From the data below, retype exactly the lines starting with the one that contains "Document page, 1241x1754 pixels." and ending with the one that contains "List each element's", both included.

RECORDS FOR PROCESSING.

* * *

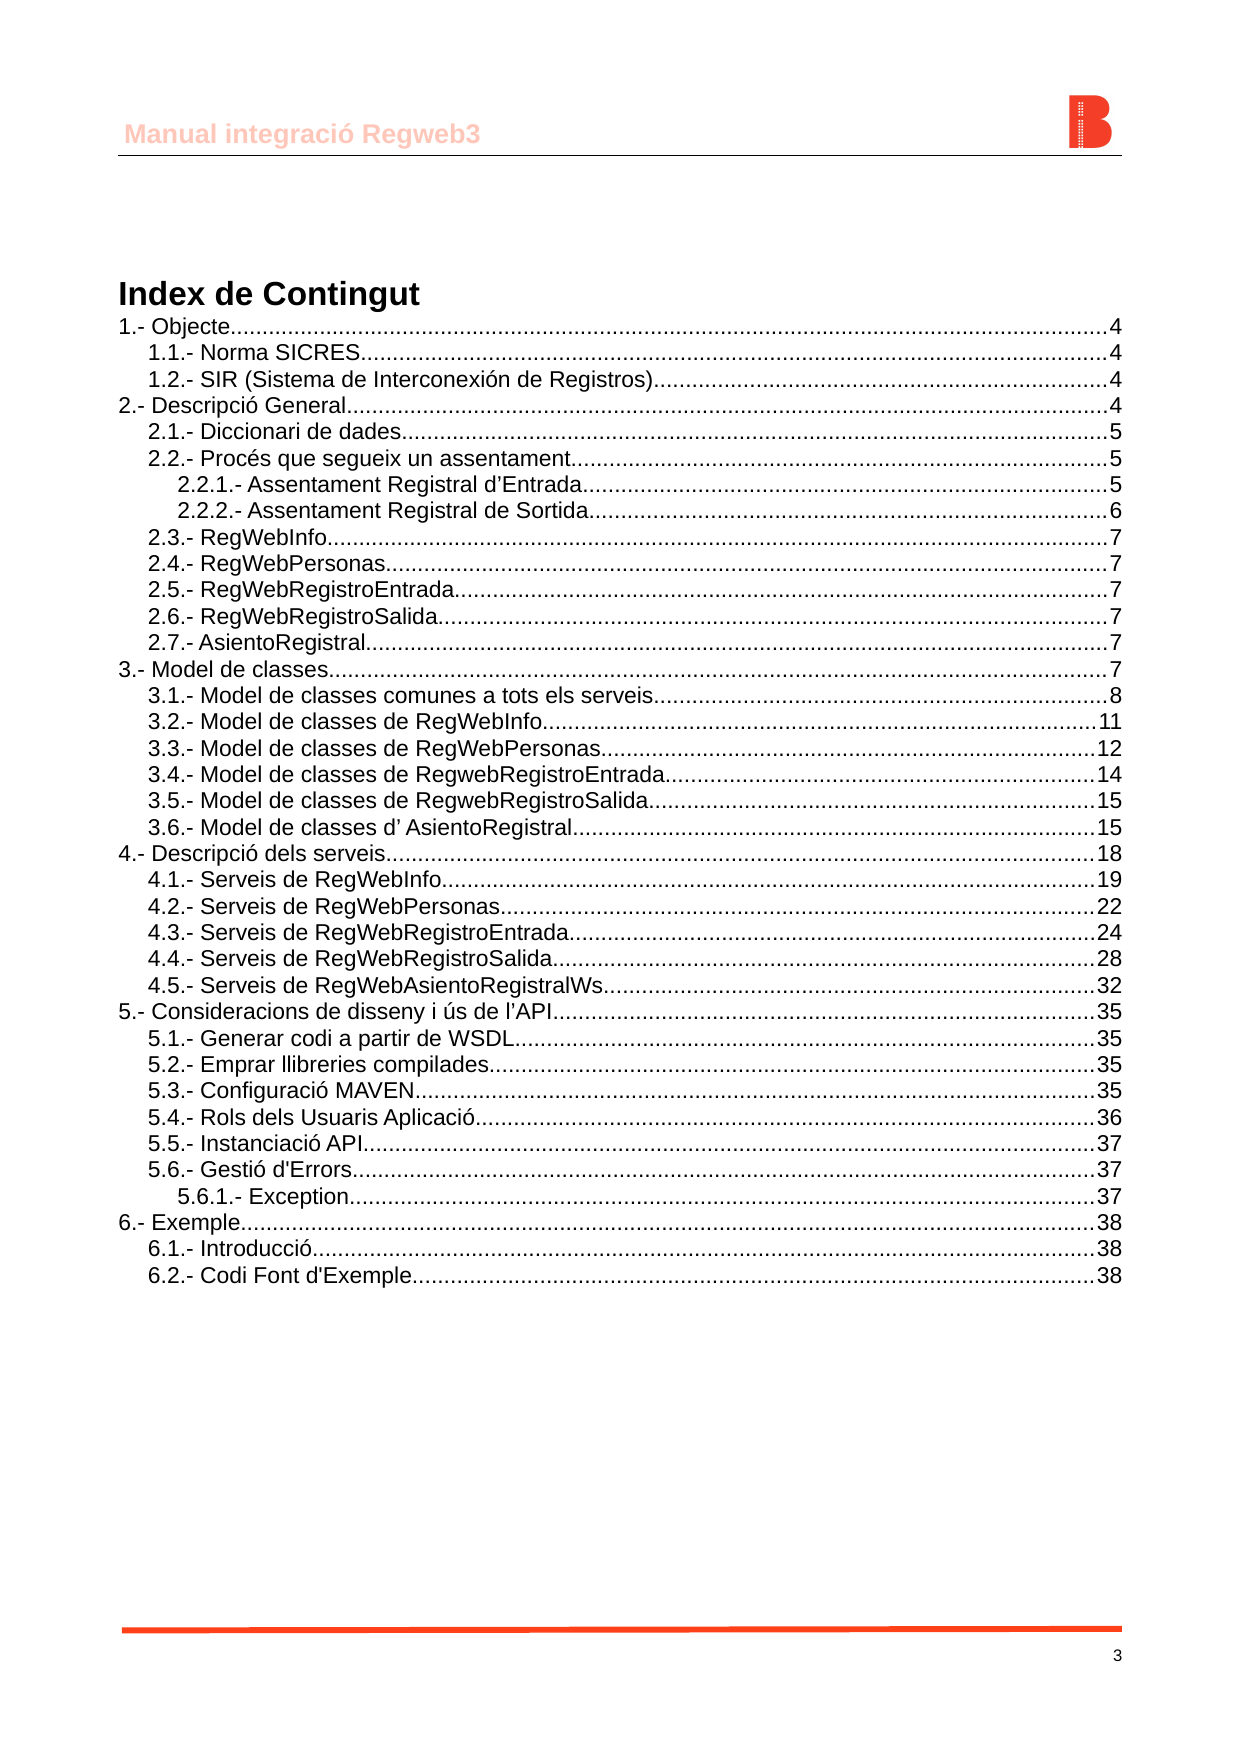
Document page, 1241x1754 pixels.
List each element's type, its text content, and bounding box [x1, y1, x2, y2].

* * *

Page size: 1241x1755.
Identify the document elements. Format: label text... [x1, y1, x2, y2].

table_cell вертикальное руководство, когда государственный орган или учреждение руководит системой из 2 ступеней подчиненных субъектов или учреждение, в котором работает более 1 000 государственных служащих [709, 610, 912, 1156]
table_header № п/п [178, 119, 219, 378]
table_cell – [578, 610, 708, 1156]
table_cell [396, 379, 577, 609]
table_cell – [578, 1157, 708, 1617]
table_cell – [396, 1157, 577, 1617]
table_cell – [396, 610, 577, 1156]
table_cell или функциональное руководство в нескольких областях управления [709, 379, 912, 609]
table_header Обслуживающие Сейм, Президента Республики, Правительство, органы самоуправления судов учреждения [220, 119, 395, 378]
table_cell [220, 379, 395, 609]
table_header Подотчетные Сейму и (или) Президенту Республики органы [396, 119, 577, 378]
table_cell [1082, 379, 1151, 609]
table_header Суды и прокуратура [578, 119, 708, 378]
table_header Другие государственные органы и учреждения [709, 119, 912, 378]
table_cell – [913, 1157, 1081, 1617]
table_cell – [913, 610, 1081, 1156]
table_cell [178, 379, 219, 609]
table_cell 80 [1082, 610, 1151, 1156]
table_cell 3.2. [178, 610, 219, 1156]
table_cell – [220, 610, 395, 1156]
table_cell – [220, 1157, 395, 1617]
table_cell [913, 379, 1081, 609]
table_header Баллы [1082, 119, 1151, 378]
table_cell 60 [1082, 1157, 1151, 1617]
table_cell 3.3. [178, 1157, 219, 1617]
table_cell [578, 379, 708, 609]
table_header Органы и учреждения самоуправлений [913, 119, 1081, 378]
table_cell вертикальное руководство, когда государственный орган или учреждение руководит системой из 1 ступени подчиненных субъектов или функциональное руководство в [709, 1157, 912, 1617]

* * *

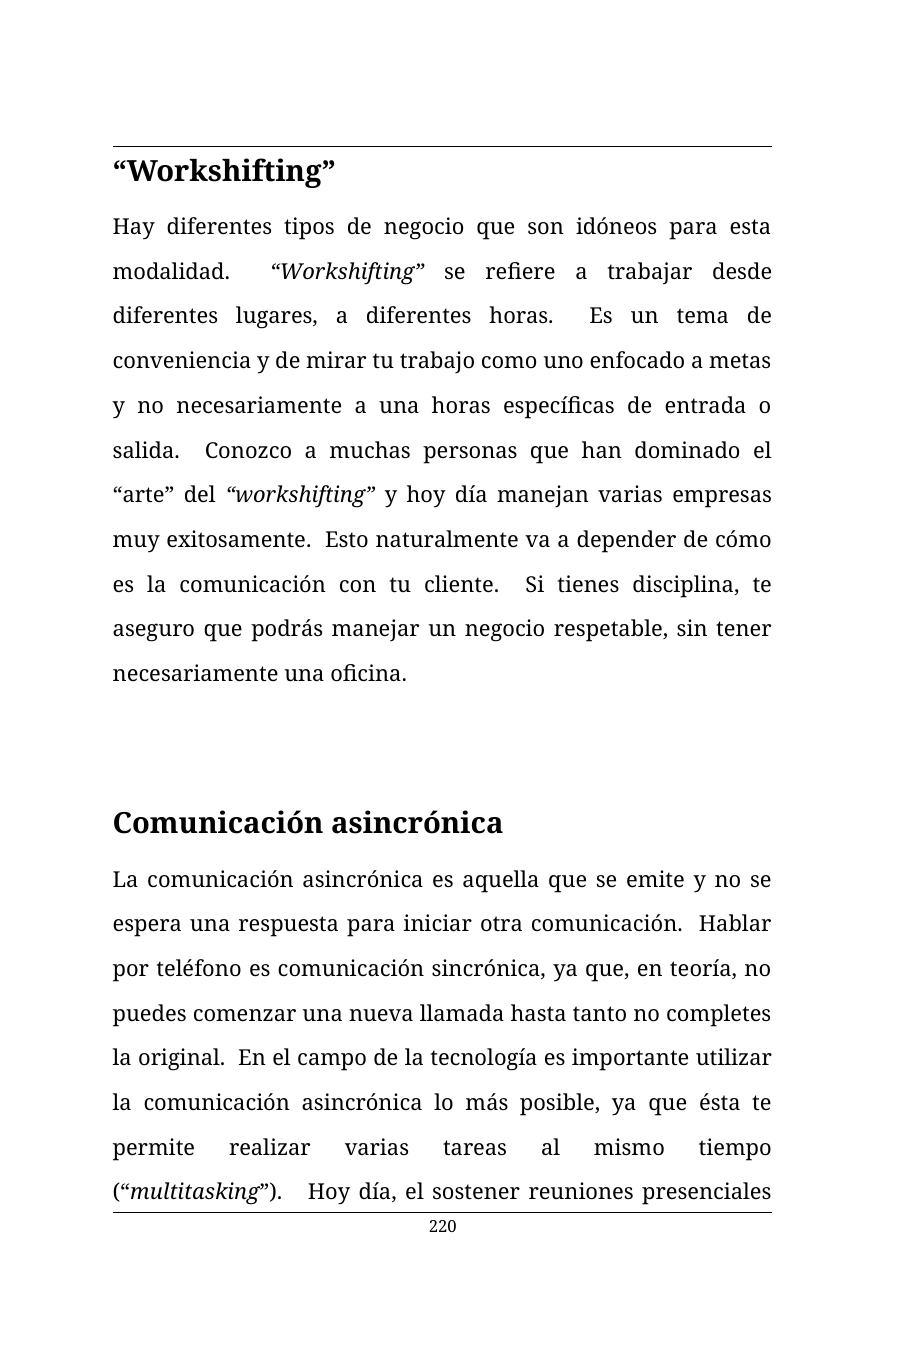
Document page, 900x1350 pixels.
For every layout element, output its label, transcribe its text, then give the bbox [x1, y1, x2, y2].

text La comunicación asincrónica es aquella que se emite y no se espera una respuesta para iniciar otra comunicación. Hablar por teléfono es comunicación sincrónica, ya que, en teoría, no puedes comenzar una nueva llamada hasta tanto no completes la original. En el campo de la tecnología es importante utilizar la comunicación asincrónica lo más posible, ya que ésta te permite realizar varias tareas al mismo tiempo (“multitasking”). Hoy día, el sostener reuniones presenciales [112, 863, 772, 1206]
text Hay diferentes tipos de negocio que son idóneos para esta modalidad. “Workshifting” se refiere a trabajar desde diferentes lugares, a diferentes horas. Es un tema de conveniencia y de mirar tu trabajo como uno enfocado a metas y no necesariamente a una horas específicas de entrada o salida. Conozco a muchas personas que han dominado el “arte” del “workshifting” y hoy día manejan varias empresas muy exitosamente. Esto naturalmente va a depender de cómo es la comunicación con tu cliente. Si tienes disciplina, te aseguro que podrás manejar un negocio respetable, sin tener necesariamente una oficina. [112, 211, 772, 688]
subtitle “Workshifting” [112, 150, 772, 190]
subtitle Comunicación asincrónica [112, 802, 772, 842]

* * *

RESULT OF THE EXERCISE.
Document page, 1241x1754 pixels.
List each element's type, its text content, and bounding box [x1, y1, x2, y2].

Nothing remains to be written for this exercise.